Member of the National Assembly
- In office 24 October 2011 – 8 May 2026

Personal details
- Born: 25 November 1963 (age 62) Püspökladány, Hungary
- Party: Fidesz
- Spouse: Edit Madar
- Children: 2
- Profession: politician

= Sándor Bodó =

Hungarian politician

Sándor Bodó (born November 25, 1963) is a Hungarian politician, member of the National Assembly (MP) for Püspökladány, Hajdú-Bihar County (Constituency VI) from 2011 to 2014, and for Hajdúszoboszló (Hajdú-Bihar County Constituency V) from 2014 to 2026. He served as President of the General Assembly of Hajdú-Bihar County from 2011 to 2014.

Sándor Arnóth, the MP (and mayor) for Püspökladány (Hajdú-Bihar County Constituency VI) died in a car accident on March 16, 2011. At the third round of the by-election on October 16, 2011 Bodó was elected with 51% of the vote before István Rigán (Jobbik), Ildikó Bangó (MSZP) and Róbert Bányász (SZU).

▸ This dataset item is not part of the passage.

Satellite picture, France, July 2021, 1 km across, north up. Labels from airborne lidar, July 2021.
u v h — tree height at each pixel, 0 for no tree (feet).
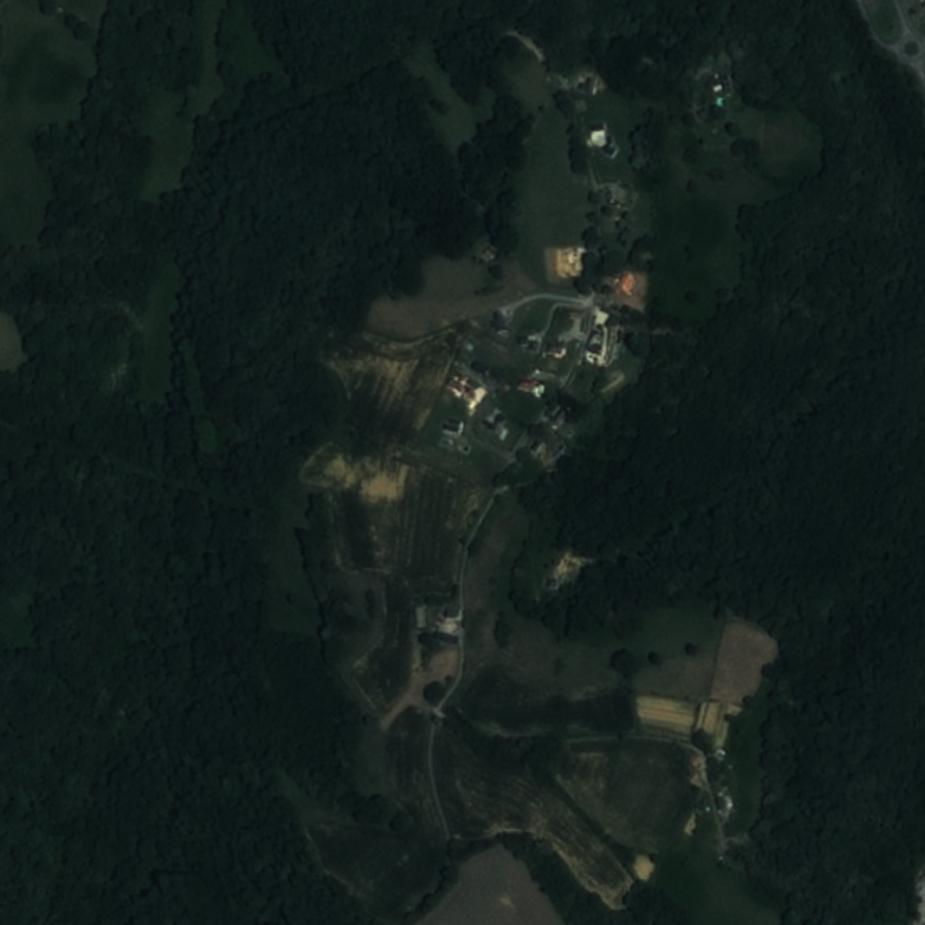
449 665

He became a member of the Committee on Audit Office and Budget. From March 5, 2012 he worked in the Committee on Education, Science and Research. He was appointed a member of the Committee on Budgets in May 2014.

Bodó was appointed Secretary of State for Employment Policy and Corporate Relations on 13 June 2018, replacing Péter Cseresnyés.

==Personal life==
He is married. His wife is Edit Bodóné Madar. They have a daughter, Sára and a son, Bence.